Thanks, Tobi and Remi, for the helpful observations.

On Jul 10, 2018, at 2:43 AM, Remi Forax <fo...@univ-mlv.fr> wrote:
> 
> I think the answer to the question of lazy loading of method parameter types 
> is rooted to the question of what is a value type exactly for Java.
> Is it an optimization, a first class concept i.e one that should work as if 
> it was integrated in the language from the beginning ?
> The other problem is the more we diverge from the class behavior, the harder 
> it will be to allow a class to become a value type.
> 
> I firmly believe that value type should be first class because they are 
> useless in a lot of scenario if they are not. The main limitation of a value 
> type is its immutable characteristic, what save them from uselessness is that 
> their creation cost should be zero or very close to zero alleviating the 
> burden of think in term of object creation and making us, developers, free to 
> use functional idioms. 
> With that in mind, i believe a value type should not be "boxed" because it's 
> not loaded yet (it can still be boxed due to separate compilation but that's 
> another story) so value type present in method descriptor should be loaded 
> eagerly.

So value types should diverge from object types enough to allow accurate 
unboxing in hot paths.
But they should not diverge more than necessary.  That means no eager loading 
that's not needed.

> About loading all value type of the attribute ValueTypes, from one side Java 
> has a strong tradition to not pay for the code you do not use. This power 
> today's applications, an average application has an hundred jars as 
> dependencies, if all value types are preloaded it's at waste of memory and 
> cpu cycles. BTW, it's also what's make jaotc useless in its current 
> incarnation because it AOTs things your application don't care.

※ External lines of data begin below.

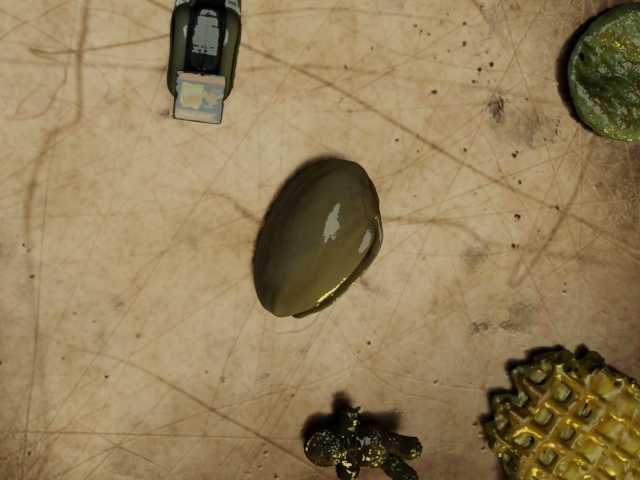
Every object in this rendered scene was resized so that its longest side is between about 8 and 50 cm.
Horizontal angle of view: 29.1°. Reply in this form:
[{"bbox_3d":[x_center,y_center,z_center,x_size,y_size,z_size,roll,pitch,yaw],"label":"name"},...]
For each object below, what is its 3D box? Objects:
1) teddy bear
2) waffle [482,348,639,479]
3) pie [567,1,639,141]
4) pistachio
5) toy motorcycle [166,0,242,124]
[{"bbox_3d":[0.060,0.277,1.660,0.160,0.078,0.119,10,120,9],"label":"teddy bear"},{"bbox_3d":[0.366,0.276,1.695,0.280,0.060,0.262,-9,99,-5],"label":"waffle"},{"bbox_3d":[0.417,-0.223,1.640,0.187,0.041,0.187,-1,97,-6],"label":"pie"},{"bbox_3d":[0.000,0.000,1.589,0.152,0.126,0.223,29,100,25],"label":"pistachio"},{"bbox_3d":[-0.137,-0.281,1.516,0.091,0.157,0.263,6,99,-9],"label":"toy motorcycle"}]

This is a very specific set of reasons why eager loading is a bad idea:  
Against Java tradition,
harmful to startup, and liable to tickle bugs that otherwise would sleep 
quietly.

On Jul 12, 2018, at 11:41 AM, Tobi Ajila <tobi_aj...@ca.ibm.com> wrote:

> > I'm looking for reasons that
> > this is a *bad* idea, so we can say in the end, "here's exactly why we had 
> > to make
> > the loading logic for VTs so tricky"–if we must.
> 
> Karen's initial post mentions our two biggest concerns. If there is no 
> guarantee that the VTs in the method descriptors will be used, loading them 
> is an overhead. We would like to minimize the cost to startup as much as 
> possible. The other reason is eager loading may trigger failures that would 
> otherwise never occur if the method wasn't run, which is change from how the 
> JVM normally behaves.

OK, those points align with the discussion above.

IMO there's still a possibility that we will want to eagerly load signature 
types
declared as value types, at preparation time.  This could happen if two bad
things happen first:  (a) We can't figure out how to assign calling sequences
properly to virtual methods (including those connected by v-table/override
relations) without preparation time loadings, and (b) we regretfully realize
that we would rather get the calling sequences right than follow the Java
traditions noted above.

(For the moment, let's define the term "method family" to mean any group
of methods which is connected by override/v-table relations in such a way
that the methods are all constrained to have a common calling sequence.
I can't think offhand of a standard term for this, but we need a term.)

To solve (a) we need a story, for any given method family F, how the
common calling sequence (including unboxed values) is assigned during
startup, even if dynamically loaded class hierarchies are being loaded
in a data-dependent fashion, concurrently with executions of members
of F.

I don't think appealing to speculation and deoptimization is a good answer
for (a), because it slows startup unpredictably.  If that's the answer, I'd
rather just take the predictable startup hit of loading signature value types.
That is, given an inaccurate solution for (a), I think we'd decide in the end,
regarding point (b), to regretfully break tradition.

So, is there a reasonably simple way to get good enough calling sequences
non-speculatively?

The answer might be yes, along the lines you mentioned Tobi, but I don't
see it yet.  I think maybe the whole family F needs a linkage barrier,
which involves delayed loading of signature value types used in F.
Although preparation of F's various classes would have assigned
v-table slots (or whatever preconstructed dictionary V8 might use
instead of v-tables), the calling sequences of those v-table slots would
remain mysterious until the first execution of a method in F.

Can we do that?  It sort of feels like a mini-preparation pass just for F.